For this reason, a means of determining when a chest infection is
caused by bacteria is very valuable.
When
faced with an infection caused by bacteria, the body normally responds
by using its own natural defences. Antibiotics are needed when these
defences fail, and antibiotics can also add to the body's defences
to speed recovery from bacterial infections. In the lung it is relatively
easy to detect when the natural defence response to bacteria is
overrun by assessing the colour of the sputum (phlegm). When there
is uncontrolled bacterial infection in the lungs, neutrophils (usually
known as white blood cells) get called into the lung in increasing
numbers to fight the infection. If you cough up sputum (phlegm),
these cells and the bacteria can be seen under a microscope. However
that often doesn't help the doctor/healthcare professional decide
whether an infection is present because it is difficult to carry
out these tests in the clinic. Moreover, smaller but misleading
amounts of the cells and bacteria can be present even when there
is no infection that needs treating.
A simpler
way to find a lung infection due to bacteria is to look at the colour
of the sputum. This works because the white blood cells contain
a protein called myeloperoxidase which is only seen in white blood
cells and which is intensely green in colour. They contain a protein
called myeloperoxidase which is only present in white blood cells
and is green in colour.
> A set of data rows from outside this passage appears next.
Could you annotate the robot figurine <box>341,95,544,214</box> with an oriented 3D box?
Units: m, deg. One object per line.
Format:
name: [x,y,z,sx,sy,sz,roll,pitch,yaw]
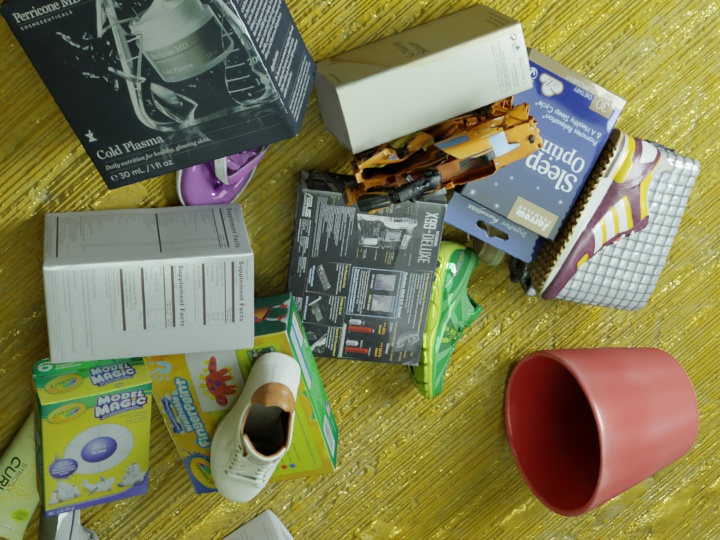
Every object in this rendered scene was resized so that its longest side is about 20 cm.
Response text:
robot figurine: [0.073,-0.112,1.213,0.198,0.145,0.059,-19,105,-1]

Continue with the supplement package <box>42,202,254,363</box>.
supplement package: [-0.209,0.011,1.219,0.197,0.114,0.111,-3,120,-11]

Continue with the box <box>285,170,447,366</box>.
box: [0.000,0.000,1.328,0.156,0.050,0.202,5,117,-6]

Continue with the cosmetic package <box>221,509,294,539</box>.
cosmetic package: [-0.163,0.388,1.473,0.199,0.102,0.074,-33,124,-1]

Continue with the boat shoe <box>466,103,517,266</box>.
boat shoe: [0.140,-0.104,1.347,0.062,0.073,0.203,2,106,-14]

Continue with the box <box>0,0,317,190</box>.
box: [-0.170,-0.202,1.082,0.198,0.125,0.198,-14,125,19]

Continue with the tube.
tube: [-0.356,0.210,1.326,0.201,0.058,0.052,-55,163,19]

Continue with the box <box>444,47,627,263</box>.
box: [0.181,-0.116,1.297,0.120,0.032,0.202,25,99,-13]

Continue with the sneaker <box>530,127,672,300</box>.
sneaker: [0.260,-0.047,1.327,0.089,0.075,0.201,24,104,-15]

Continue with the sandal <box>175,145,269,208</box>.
sandal: [-0.119,-0.135,1.228,0.082,0.050,0.204,25,108,-29]

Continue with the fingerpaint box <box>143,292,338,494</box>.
fingerpaint box: [-0.128,0.135,1.332,0.165,0.074,0.202,-11,124,10]

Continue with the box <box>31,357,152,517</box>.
box: [-0.274,0.161,1.265,0.116,0.049,0.202,-11,132,-23]

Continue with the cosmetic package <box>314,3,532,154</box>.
cosmetic package: [0.059,-0.194,1.235,0.198,0.104,0.074,-21,117,-12]

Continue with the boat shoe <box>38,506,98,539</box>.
boat shoe: [-0.323,0.319,1.386,0.065,0.072,0.202,-4,120,-25]

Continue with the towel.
towel: [0.272,-0.063,1.412,0.164,0.086,0.202,10,109,-18]

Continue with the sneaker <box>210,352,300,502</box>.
sneaker: [-0.114,0.182,1.269,0.072,0.085,0.201,13,126,-9]

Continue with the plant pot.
plant pot: [0.302,0.180,1.506,0.175,0.200,0.203,-10,122,-27]

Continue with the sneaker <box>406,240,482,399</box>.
sneaker: [0.099,0.062,1.415,0.083,0.074,0.202,-2,119,-19]
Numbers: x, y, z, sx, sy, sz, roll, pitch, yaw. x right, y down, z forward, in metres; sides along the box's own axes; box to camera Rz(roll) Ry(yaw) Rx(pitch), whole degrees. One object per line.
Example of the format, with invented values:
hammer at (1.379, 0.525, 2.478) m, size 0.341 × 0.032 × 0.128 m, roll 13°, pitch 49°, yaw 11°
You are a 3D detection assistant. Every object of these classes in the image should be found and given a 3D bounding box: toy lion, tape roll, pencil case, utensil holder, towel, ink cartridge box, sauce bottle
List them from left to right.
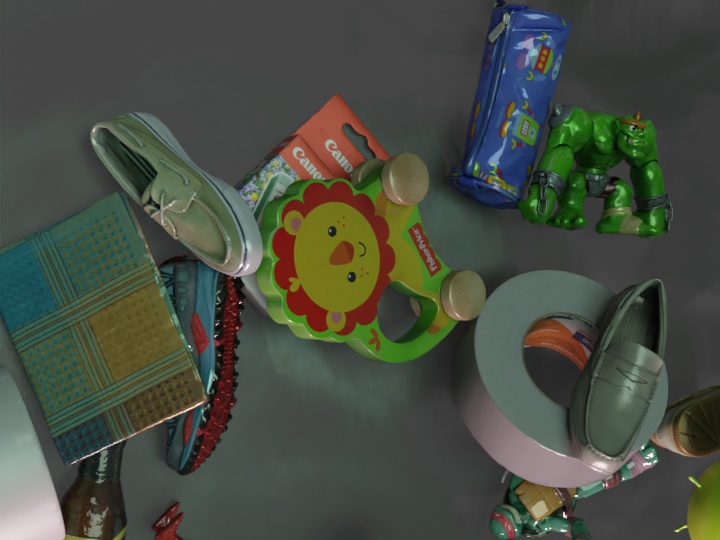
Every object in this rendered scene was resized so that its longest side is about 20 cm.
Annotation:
utensil holder at (-0.364, 0.184, 1.218) m, size 0.198 × 0.170 × 0.172 m, roll -20°, pitch 96°, yaw -19°
sauce bottle at (-0.240, 0.240, 1.310) m, size 0.065 × 0.066 × 0.202 m, roll 9°, pitch 89°, yaw -18°
towel at (-0.233, 0.051, 1.293) m, size 0.145 × 0.022 × 0.202 m, roll -24°, pitch 84°, yaw 3°
ink cartridge box at (-0.053, -0.063, 1.378) m, size 0.200 × 0.050 × 0.109 m, roll -45°, pitch 103°, yaw -12°
toy lion at (0.000, 0.000, 1.326) m, size 0.191 × 0.068 × 0.201 m, roll -40°, pitch 111°, yaw -29°
pencil case at (0.143, -0.162, 1.426) m, size 0.086 × 0.078 × 0.202 m, roll 21°, pitch 82°, yaw -46°
tape roll at (0.189, 0.102, 1.401) m, size 0.198 × 0.066 × 0.202 m, roll 10°, pitch 55°, yaw -15°

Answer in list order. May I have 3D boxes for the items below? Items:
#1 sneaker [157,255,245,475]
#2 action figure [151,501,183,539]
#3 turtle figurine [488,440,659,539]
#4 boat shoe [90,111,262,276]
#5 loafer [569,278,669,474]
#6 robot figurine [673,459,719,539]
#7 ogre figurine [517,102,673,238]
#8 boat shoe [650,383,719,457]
sneaker at (-0.162, 0.084, 1.343) m, size 0.095 × 0.079 × 0.202 m, roll 12°, pitch 100°, yaw 18°
action figure at (-0.090, 0.280, 1.358) m, size 0.099 × 0.065 × 0.200 m, roll -41°, pitch 102°, yaw -5°
turtle figurine at (0.186, 0.208, 1.429) m, size 0.199 × 0.101 × 0.150 m, roll -35°, pitch 85°, yaw -24°
boat shoe at (-0.165, -0.063, 1.289) m, size 0.062 × 0.072 × 0.200 m, roll -15°, pitch 51°, yaw -47°
loafer at (0.238, 0.091, 1.341) m, size 0.069 × 0.070 × 0.201 m, roll 22°, pitch 53°, yaw -5°
robot figurine at (0.420, 0.254, 1.481) m, size 0.198 × 0.116 × 0.177 m, roll 10°, pitch 124°, yaw 5°
ogre figurine at (0.234, -0.097, 1.446) m, size 0.198 × 0.098 × 0.121 m, roll 3°, pitch 89°, yaw -20°
boat shoe at (0.379, 0.144, 1.511) m, size 0.198 × 0.066 × 0.075 m, roll -6°, pitch 91°, yaw -31°

Thus as more white blood cells accumulate
in the sputum in response to bacteria, their green colour becomes
more obvious.
This
colour change in sputum indicates how likely it is that bacteria
are
present (Fig. 1), as well as how many bacteria are present (Ref.
4).

Sputum
colour, or change in sputum colour from usual, can be used to identify
who requires antibiotics for treatment of exacerbations (chest colds).
If the antibiotic treatment is right, the bacteria are killed. The
need for white blood cells then decreases, so they no longer move
to the lungs and the colour of the sputum clears. This can be easily
detected and monitored by patients (Ref
16).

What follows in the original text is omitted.